» **Extracted records**:
'''
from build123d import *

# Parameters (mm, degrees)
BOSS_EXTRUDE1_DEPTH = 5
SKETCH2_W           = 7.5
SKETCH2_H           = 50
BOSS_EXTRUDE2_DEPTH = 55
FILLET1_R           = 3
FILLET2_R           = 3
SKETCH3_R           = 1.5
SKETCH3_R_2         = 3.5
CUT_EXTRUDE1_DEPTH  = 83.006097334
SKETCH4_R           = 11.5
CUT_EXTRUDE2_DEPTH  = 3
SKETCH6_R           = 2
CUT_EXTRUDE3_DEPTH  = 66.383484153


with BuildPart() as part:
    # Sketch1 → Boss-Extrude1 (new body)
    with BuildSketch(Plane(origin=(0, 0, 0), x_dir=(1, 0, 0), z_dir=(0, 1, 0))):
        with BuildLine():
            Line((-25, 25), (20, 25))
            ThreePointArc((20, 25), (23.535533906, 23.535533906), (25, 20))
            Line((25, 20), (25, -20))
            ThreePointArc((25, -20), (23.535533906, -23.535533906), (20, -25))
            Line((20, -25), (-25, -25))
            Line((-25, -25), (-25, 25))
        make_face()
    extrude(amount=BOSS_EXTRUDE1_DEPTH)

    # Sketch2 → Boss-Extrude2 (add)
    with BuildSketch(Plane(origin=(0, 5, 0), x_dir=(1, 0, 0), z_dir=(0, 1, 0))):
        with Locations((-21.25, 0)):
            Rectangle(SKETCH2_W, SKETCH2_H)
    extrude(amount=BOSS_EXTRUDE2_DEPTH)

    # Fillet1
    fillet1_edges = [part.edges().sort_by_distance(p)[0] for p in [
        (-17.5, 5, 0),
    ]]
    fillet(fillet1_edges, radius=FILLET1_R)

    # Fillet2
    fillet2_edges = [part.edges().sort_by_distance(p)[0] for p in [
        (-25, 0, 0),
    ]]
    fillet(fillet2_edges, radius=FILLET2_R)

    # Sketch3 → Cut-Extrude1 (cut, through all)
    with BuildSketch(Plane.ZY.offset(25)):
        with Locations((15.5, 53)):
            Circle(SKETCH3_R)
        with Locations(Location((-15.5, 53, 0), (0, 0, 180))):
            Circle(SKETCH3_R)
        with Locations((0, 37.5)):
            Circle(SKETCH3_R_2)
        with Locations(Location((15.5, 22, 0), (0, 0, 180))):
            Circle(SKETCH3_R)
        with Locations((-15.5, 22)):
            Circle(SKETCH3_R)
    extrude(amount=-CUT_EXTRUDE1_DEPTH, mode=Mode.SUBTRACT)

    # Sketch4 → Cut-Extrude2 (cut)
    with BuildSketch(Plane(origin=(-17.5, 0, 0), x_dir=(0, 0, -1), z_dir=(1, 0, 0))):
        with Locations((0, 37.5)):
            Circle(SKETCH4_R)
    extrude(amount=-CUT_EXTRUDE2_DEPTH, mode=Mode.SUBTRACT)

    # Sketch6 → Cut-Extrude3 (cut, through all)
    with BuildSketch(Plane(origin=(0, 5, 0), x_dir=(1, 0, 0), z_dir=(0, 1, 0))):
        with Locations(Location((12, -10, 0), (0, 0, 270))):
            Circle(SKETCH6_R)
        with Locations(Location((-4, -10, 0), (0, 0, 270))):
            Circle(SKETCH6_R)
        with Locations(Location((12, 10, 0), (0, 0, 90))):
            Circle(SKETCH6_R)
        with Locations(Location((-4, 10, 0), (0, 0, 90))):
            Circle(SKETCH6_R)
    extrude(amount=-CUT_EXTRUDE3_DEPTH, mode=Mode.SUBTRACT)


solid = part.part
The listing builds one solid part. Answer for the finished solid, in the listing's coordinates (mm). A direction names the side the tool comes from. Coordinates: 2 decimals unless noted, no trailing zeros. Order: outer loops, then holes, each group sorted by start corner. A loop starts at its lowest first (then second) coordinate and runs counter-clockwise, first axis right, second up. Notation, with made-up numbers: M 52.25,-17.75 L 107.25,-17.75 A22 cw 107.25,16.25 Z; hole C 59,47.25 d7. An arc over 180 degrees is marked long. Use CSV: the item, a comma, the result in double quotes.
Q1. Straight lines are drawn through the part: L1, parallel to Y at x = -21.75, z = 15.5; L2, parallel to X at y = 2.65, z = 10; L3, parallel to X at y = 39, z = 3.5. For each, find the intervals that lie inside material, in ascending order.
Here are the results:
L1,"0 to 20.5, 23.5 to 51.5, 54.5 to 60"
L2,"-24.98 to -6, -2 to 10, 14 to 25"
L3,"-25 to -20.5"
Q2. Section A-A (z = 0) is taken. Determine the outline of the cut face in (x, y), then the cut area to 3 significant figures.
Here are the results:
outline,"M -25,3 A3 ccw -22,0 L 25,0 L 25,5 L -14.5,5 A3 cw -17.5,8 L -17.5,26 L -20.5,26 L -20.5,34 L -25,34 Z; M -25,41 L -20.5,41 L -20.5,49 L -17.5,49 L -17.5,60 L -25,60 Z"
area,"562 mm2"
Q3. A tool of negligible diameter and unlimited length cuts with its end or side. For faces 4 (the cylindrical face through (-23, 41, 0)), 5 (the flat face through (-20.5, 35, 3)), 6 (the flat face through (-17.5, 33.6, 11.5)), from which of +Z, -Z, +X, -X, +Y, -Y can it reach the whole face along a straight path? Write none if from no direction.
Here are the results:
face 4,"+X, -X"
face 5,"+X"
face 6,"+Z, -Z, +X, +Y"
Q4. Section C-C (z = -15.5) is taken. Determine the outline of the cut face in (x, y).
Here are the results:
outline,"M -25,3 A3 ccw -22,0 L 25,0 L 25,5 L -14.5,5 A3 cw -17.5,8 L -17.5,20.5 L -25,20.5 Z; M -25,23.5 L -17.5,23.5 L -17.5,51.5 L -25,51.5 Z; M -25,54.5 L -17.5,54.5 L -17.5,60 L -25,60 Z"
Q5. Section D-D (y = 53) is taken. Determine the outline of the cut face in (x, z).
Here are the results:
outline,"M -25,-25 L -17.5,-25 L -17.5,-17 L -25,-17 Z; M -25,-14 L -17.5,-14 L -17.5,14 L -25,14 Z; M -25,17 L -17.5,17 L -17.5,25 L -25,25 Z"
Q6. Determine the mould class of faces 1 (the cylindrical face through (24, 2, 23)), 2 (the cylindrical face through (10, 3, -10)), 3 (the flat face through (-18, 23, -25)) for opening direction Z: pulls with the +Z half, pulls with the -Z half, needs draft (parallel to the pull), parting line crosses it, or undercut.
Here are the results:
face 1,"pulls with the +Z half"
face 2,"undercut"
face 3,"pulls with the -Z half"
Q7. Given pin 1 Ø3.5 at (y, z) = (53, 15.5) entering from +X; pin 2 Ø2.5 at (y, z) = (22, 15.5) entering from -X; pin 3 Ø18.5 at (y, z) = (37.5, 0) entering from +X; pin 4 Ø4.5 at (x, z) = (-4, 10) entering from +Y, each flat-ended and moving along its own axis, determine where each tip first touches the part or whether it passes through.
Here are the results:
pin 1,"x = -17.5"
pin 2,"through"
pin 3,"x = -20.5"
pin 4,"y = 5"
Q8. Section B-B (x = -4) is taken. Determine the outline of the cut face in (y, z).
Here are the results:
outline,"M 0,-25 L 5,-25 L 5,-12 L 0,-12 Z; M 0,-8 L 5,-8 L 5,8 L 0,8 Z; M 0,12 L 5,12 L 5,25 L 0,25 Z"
'''
» **Requirement**: Faithfully reproduce all of the material.

» **Solution to this problem**:
from build123d import *

# Parameters (mm, degrees)
BOSS_EXTRUDE1_DEPTH = 5
SKETCH2_W           = 7.5
SKETCH2_H           = 50
BOSS_EXTRUDE2_DEPTH = 55
FILLET1_R           = 3
FILLET2_R           = 3
SKETCH3_R           = 1.5
SKETCH3_R_2         = 3.5
CUT_EXTRUDE1_DEPTH  = 83.006097334
SKETCH4_R           = 11.5
CUT_EXTRUDE2_DEPTH  = 3
SKETCH6_R           = 2
CUT_EXTRUDE3_DEPTH  = 66.383484153


with BuildPart() as part:
    # Sketch1 → Boss-Extrude1 (new body)
    with BuildSketch(Plane(origin=(0, 0, 0), x_dir=(1, 0, 0), z_dir=(0, 1, 0))):
        with BuildLine():
            Line((-25, 25), (20, 25))
            ThreePointArc((20, 25), (23.535533906, 23.535533906), (25, 20))
            Line((25, 20), (25, -20))
            ThreePointArc((25, -20), (23.535533906, -23.535533906), (20, -25))
            Line((20, -25), (-25, -25))
            Line((-25, -25), (-25, 25))
        make_face()
    extrude(amount=BOSS_EXTRUDE1_DEPTH)

    # Sketch2 → Boss-Extrude2 (add)
    with BuildSketch(Plane(origin=(0, 5, 0), x_dir=(1, 0, 0), z_dir=(0, 1, 0))):
        with Locations((-21.25, 0)):
            Rectangle(SKETCH2_W, SKETCH2_H)
    extrude(amount=BOSS_EXTRUDE2_DEPTH)

    # Fillet1
    fillet1_edges = [part.edges().sort_by_distance(p)[0] for p in [
        (-17.5, 5, 0),
    ]]
    fillet(fillet1_edges, radius=FILLET1_R)

    # Fillet2
    fillet2_edges = [part.edges().sort_by_distance(p)[0] for p in [
        (-25, 0, 0),
    ]]
    fillet(fillet2_edges, radius=FILLET2_R)

    # Sketch3 → Cut-Extrude1 (cut, through all)
    with BuildSketch(Plane.ZY.offset(25)):
        with Locations((15.5, 53)):
            Circle(SKETCH3_R)
        with Locations(Location((-15.5, 53, 0), (0, 0, 180))):
            Circle(SKETCH3_R)
        with Locations((0, 37.5)):
            Circle(SKETCH3_R_2)
        with Locations(Location((15.5, 22, 0), (0, 0, 180))):
            Circle(SKETCH3_R)
        with Locations((-15.5, 22)):
            Circle(SKETCH3_R)
    extrude(amount=-CUT_EXTRUDE1_DEPTH, mode=Mode.SUBTRACT)

    # Sketch4 → Cut-Extrude2 (cut)
    with BuildSketch(Plane(origin=(-17.5, 0, 0), x_dir=(0, 0, -1), z_dir=(1, 0, 0))):
        with Locations((0, 37.5)):
            Circle(SKETCH4_R)
    extrude(amount=-CUT_EXTRUDE2_DEPTH, mode=Mode.SUBTRACT)

    # Sketch6 → Cut-Extrude3 (cut, through all)
    with BuildSketch(Plane(origin=(0, 5, 0), x_dir=(1, 0, 0), z_dir=(0, 1, 0))):
        with Locations(Location((12, -10, 0), (0, 0, 270))):
            Circle(SKETCH6_R)
        with Locations(Location((-4, -10, 0), (0, 0, 270))):
            Circle(SKETCH6_R)
        with Locations(Location((12, 10, 0), (0, 0, 90))):
            Circle(SKETCH6_R)
        with Locations(Location((-4, 10, 0), (0, 0, 90))):
            Circle(SKETCH6_R)
    extrude(amount=-CUT_EXTRUDE3_DEPTH, mode=Mode.SUBTRACT)


solid = part.part
The listing builds one solid part. Answer for the finished solid, in the listing's coordinates (mm). A direction names the side the tool comes from. Coordinates: 2 decimals unless noted, no trailing zeros. Order: outer loops, then holes, each group sorted by start corner. A loop starts at its lowest first (then second) coordinate and runs counter-clockwise, first axis right, second up. Notation, with made-up numbers: M 52.25,-17.75 L 107.25,-17.75 A22 cw 107.25,16.25 Z; hole C 59,47.25 d7. An arc over 180 degrees is marked long. Use CSV: the item, a comma, the result in double quotes.
Q1. Straight lines are drawn through the part: L1, parallel to Y at x = -21.75, z = 15.5; L2, parallel to X at y = 2.65, z = 10; L3, parallel to X at y = 39, z = 3.5. For each, find the intervals that lie inside material, in ascending order.
Here are the results:
L1,"0 to 20.5, 23.5 to 51.5, 54.5 to 60"
L2,"-24.98 to -6, -2 to 10, 14 to 25"
L3,"-25 to -20.5"
Q2. Section A-A (z = 0) is taken. Determine the outline of the cut face in (x, y), then the cut area to 3 significant figures.
Here are the results:
outline,"M -25,3 A3 ccw -22,0 L 25,0 L 25,5 L -14.5,5 A3 cw -17.5,8 L -17.5,26 L -20.5,26 L -20.5,34 L -25,34 Z; M -25,41 L -20.5,41 L -20.5,49 L -17.5,49 L -17.5,60 L -25,60 Z"
area,"562 mm2"
Q3. A tool of negligible diameter and unlimited length cuts with its end or side. For faces 4 (the cylindrical face through (-23, 41, 0)), 5 (the flat face through (-20.5, 35, 3)), 6 (the flat face through (-17.5, 33.6, 11.5)), from which of +Z, -Z, +X, -X, +Y, -Y can it reach the whole face along a straight path? Write none if from no direction.
Here are the results:
face 4,"+X, -X"
face 5,"+X"
face 6,"+Z, -Z, +X, +Y"
Q4. Section C-C (z = -15.5) is taken. Determine the outline of the cut face in (x, y).
Here are the results:
outline,"M -25,3 A3 ccw -22,0 L 25,0 L 25,5 L -14.5,5 A3 cw -17.5,8 L -17.5,20.5 L -25,20.5 Z; M -25,23.5 L -17.5,23.5 L -17.5,51.5 L -25,51.5 Z; M -25,54.5 L -17.5,54.5 L -17.5,60 L -25,60 Z"
Q5. Section D-D (y = 53) is taken. Determine the outline of the cut face in (x, z).
Here are the results:
outline,"M -25,-25 L -17.5,-25 L -17.5,-17 L -25,-17 Z; M -25,-14 L -17.5,-14 L -17.5,14 L -25,14 Z; M -25,17 L -17.5,17 L -17.5,25 L -25,25 Z"
Q6. Determine the mould class of faces 1 (the cylindrical face through (24, 2, 23)), 2 (the cylindrical face through (10, 3, -10)), 3 (the flat face through (-18, 23, -25)) for opening direction Z: pulls with the +Z half, pulls with the -Z half, needs draft (parallel to the pull), parting line crosses it, or undercut.
Here are the results:
face 1,"pulls with the +Z half"
face 2,"undercut"
face 3,"pulls with the -Z half"
Q7. Given pin 1 Ø3.5 at (y, z) = (53, 15.5) entering from +X; pin 2 Ø2.5 at (y, z) = (22, 15.5) entering from -X; pin 3 Ø18.5 at (y, z) = (37.5, 0) entering from +X; pin 4 Ø4.5 at (x, z) = (-4, 10) entering from +Y, each flat-ended and moving along its own axis, determine where each tip first touches the part or whether it passes through.
Here are the results:
pin 1,"x = -17.5"
pin 2,"through"
pin 3,"x = -20.5"
pin 4,"y = 5"
Q8. Section B-B (x = -4) is taken. Determine the outline of the cut face in (y, z).
Here are the results:
outline,"M 0,-25 L 5,-25 L 5,-12 L 0,-12 Z; M 0,-8 L 5,-8 L 5,8 L 0,8 Z; M 0,12 L 5,12 L 5,25 L 0,25 Z"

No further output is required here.